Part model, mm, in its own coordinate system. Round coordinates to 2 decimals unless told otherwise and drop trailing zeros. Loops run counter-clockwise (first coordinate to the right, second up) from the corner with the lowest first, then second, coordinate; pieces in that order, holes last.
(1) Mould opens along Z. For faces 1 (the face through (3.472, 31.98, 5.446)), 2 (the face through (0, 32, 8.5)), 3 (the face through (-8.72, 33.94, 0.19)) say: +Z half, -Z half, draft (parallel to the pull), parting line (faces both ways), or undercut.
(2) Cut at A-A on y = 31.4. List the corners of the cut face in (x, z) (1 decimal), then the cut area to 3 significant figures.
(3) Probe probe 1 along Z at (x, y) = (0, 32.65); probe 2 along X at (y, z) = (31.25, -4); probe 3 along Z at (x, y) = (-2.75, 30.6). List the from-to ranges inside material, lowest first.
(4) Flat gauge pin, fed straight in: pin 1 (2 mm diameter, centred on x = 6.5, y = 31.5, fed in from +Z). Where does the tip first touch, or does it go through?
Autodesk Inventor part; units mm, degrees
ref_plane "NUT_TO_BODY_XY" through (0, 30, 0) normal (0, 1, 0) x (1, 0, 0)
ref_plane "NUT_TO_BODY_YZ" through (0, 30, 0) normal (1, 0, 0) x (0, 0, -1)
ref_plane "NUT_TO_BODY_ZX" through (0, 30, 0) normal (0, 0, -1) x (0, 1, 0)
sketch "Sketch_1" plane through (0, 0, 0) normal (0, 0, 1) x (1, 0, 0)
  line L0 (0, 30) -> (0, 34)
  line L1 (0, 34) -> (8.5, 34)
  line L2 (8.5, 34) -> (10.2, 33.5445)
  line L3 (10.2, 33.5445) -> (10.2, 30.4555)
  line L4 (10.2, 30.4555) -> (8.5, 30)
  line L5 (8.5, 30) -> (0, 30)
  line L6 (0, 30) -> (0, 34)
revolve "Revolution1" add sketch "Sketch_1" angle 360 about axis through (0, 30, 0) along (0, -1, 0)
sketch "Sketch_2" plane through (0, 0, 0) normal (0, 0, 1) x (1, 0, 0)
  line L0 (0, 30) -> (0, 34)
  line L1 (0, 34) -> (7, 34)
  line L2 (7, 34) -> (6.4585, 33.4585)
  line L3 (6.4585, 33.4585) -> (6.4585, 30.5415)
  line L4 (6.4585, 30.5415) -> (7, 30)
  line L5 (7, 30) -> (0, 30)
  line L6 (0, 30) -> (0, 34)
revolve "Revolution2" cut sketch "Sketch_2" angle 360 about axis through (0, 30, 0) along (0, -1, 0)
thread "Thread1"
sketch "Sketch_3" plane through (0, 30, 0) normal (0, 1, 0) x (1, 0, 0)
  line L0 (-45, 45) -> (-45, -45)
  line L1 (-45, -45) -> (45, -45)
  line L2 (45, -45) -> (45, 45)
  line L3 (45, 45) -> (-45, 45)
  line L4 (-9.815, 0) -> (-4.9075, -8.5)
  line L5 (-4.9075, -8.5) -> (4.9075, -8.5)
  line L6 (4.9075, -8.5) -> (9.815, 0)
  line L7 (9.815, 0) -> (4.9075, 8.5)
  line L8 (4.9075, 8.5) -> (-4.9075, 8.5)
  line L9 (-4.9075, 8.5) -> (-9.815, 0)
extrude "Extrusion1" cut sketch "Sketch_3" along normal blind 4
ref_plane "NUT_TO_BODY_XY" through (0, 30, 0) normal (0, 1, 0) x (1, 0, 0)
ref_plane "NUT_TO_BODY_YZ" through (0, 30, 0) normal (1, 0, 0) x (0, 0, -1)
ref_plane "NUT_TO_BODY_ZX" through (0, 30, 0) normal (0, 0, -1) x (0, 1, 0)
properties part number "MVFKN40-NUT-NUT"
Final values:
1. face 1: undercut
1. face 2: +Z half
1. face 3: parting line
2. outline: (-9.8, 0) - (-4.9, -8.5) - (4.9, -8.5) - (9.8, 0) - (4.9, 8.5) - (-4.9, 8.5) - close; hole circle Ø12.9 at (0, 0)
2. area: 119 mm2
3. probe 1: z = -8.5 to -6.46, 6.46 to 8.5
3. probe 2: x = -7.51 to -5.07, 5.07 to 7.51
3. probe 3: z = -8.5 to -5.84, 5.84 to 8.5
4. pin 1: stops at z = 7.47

○ ○ ○

> [REQUIRED ACTION] Each line from the one with "1. face 1: undercut" through the end of the records above should be written out exactly. No other line should appear.

> [WRITTEN RESPONSE]
1. face 1: undercut
1. face 2: +Z half
1. face 3: parting line
2. outline: (-9.8, 0) - (-4.9, -8.5) - (4.9, -8.5) - (9.8, 0) - (4.9, 8.5) - (-4.9, 8.5) - close; hole circle Ø12.9 at (0, 0)
2. area: 119 mm2
3. probe 1: z = -8.5 to -6.46, 6.46 to 8.5
3. probe 2: x = -7.51 to -5.07, 5.07 to 7.51
3. probe 3: z = -8.5 to -5.84, 5.84 to 8.5
4. pin 1: stops at z = 7.47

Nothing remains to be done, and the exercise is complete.